Let $a \in \R$ be a real number such that $0 < a < 1$.

Let $f: \Q \to \R$ be the real-valued function defined as:

$\map f q = a^q$

where $a^q$ denotes $a$ to the power of $q$.


Then $f$ is strictly decreasing.


Proof

Let $\dfrac r s, \dfrac t u \in \Q$, where $r, t \in \Z, s, u \in \Z_{>0}$.

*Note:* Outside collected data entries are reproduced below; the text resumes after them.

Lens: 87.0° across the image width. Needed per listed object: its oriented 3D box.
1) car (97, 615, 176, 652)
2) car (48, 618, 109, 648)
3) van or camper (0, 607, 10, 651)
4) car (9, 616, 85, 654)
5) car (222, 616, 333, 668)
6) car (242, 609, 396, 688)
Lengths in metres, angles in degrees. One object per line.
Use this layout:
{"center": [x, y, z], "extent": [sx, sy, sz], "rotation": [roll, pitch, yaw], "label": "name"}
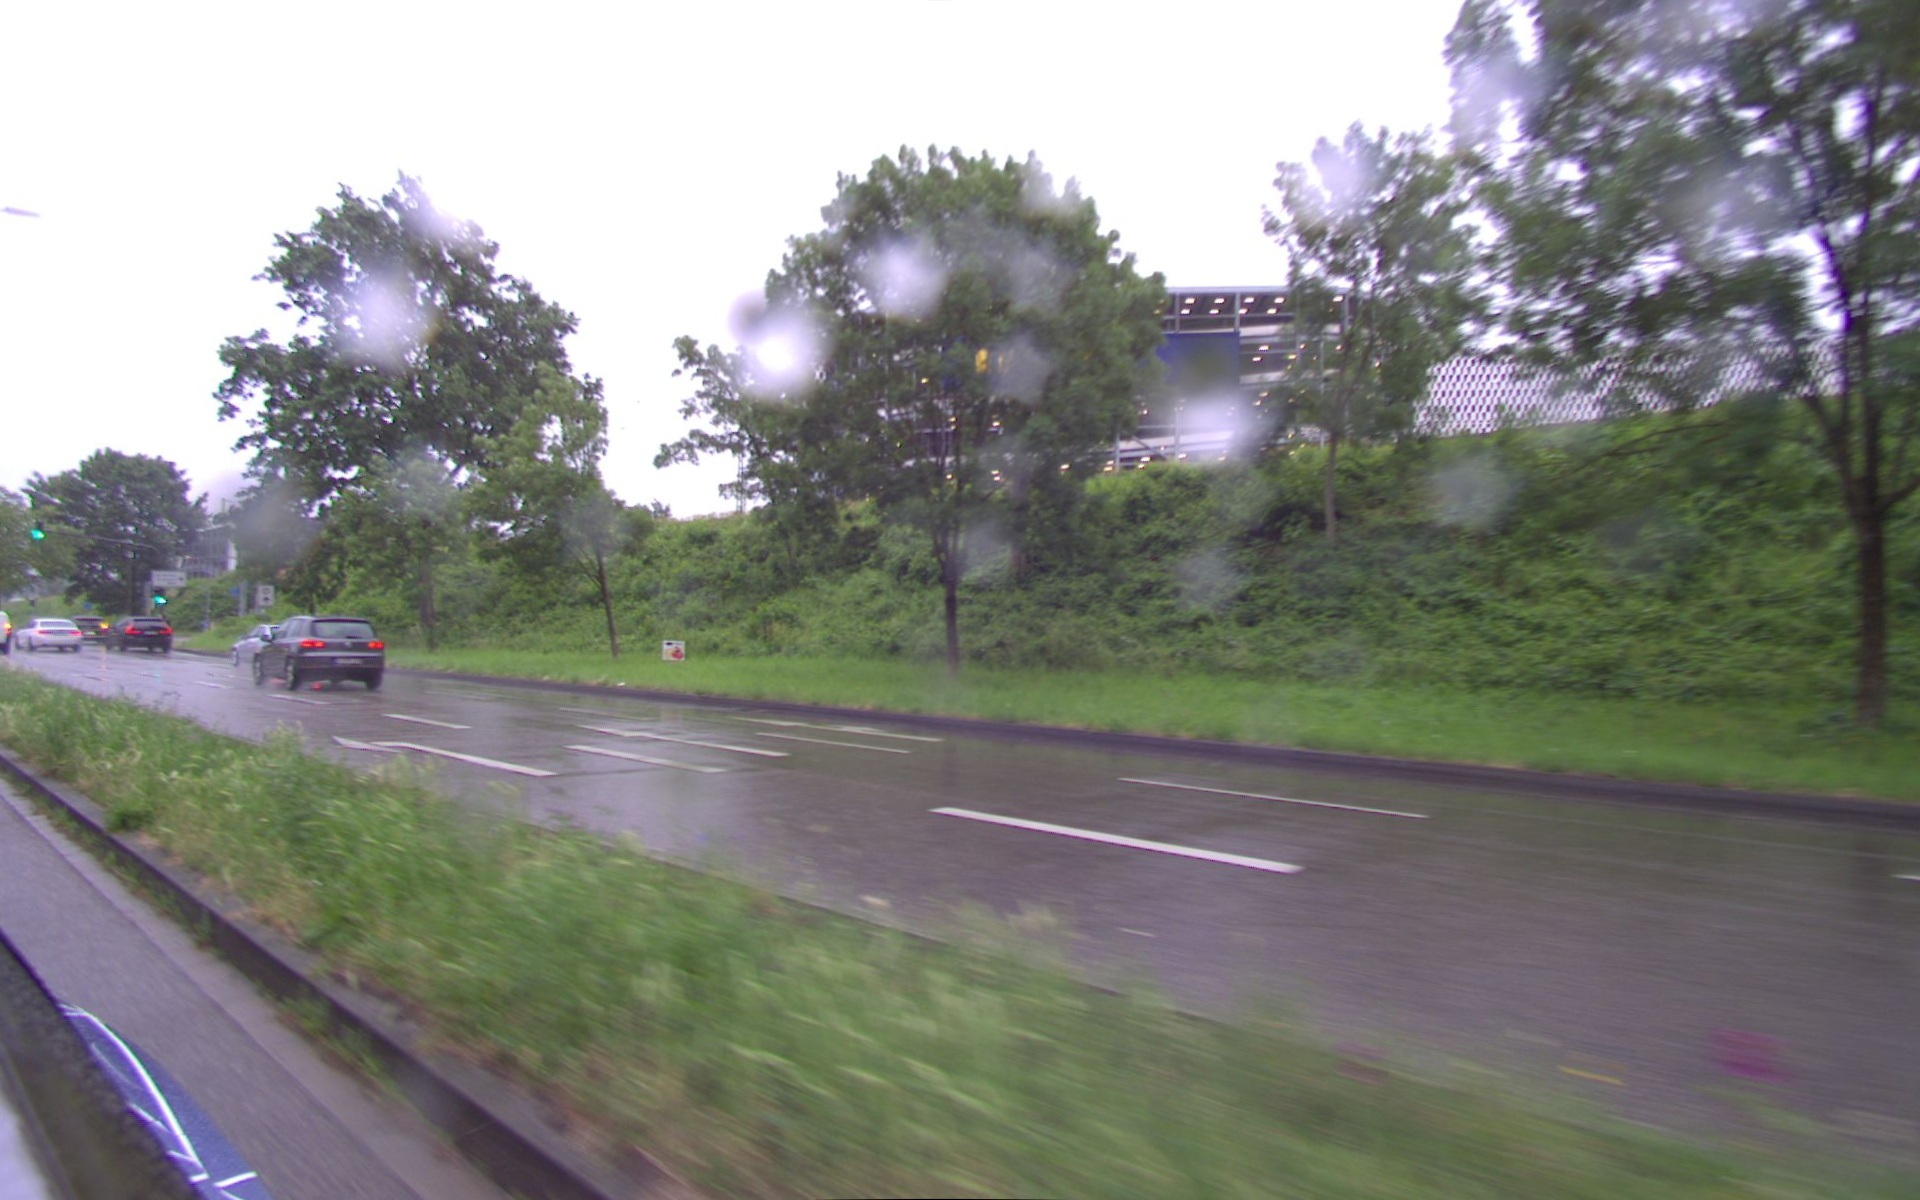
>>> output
{"center": [-39.037, 1.561, 47.925], "extent": [4.675, 1.673, 2.017], "rotation": [-1, -2, 40], "label": "car"}
{"center": [-49.398, 1.840, 56.703], "extent": [4.402, 1.625, 1.879], "rotation": [-1, -2, 40], "label": "car"}
{"center": [-40.053, 1.127, 41.033], "extent": [3.997, 1.755, 1.711], "rotation": [-1, -4, 40], "label": "van or camper"}
{"center": [-41.582, 1.583, 46.059], "extent": [4.708, 1.625, 1.879], "rotation": [-1, -4, 41], "label": "car"}
{"center": [-22.956, 1.364, 33.974], "extent": [4.474, 1.625, 1.879], "rotation": [-1, -2, 40], "label": "car"}
{"center": [-14.637, 1.081, 23.022], "extent": [4.111, 1.625, 1.878], "rotation": [-1, -4, 42], "label": "car"}

Let $\dfrac r s < \dfrac t u$.


Then:

\(\displaystyle r u\) \(<\) \(\displaystyle t s\) Real Number Ordering is Compatible with Multiplication
\(\displaystyle \leadsto \ \ \) \(\displaystyle a^{r u}\) \(>\) \(\displaystyle a^{t s}\) Power Function on Base between Zero and One is Strictly Decreasing: Integer
\(\displaystyle \leadsto \ \ \) \(\displaystyle \paren {a^r}^u\) \(>\) \(\displaystyle \paren {a^t}^s\) Product of Indices of Real Number: Integers
\(\displaystyle \leadsto \ \ \) \(\displaystyle \sqrt [u] {\paren {a^r}^u}\) \(>\) \(\displaystyle \sqrt [u] {\paren {a^t}^s }\) Root is Strictly Increasing
\(\displaystyle \leadsto \ \ \) \(\displaystyle a^r\) \(>\) \(\displaystyle \sqrt [u] {\paren {a^t}^s }\) Definition of $u$th Root
\(\displaystyle \leadsto \ \ \) \(\displaystyle \sqrt [s] {\paren {a^r} }\) \(>\) \(\displaystyle \sqrt [s] {\sqrt [u] {\paren {a^t}^s } }\) Root is Strictly Increasing
\(\displaystyle \leadsto \ \ \) \(\displaystyle \sqrt [s] {\paren {a^r} }\) \(>\) \(\displaystyle \sqrt [u] {\sqrt [s] {\paren {a^t}^s } }\) Root is Commutative
\(\displaystyle \leadsto \ \ \) \(\displaystyle \sqrt [s] {\paren {a^r} }\) \(>\) \(\displaystyle \sqrt [u] {\paren {a^t} }\) Definition of $s$th Root
\(\displaystyle \leadsto \ \ \) \(\displaystyle a^{r / s}\) \(>\) \(\displaystyle a^{t / u}\) Definition of Rational Power

$\blacksquare$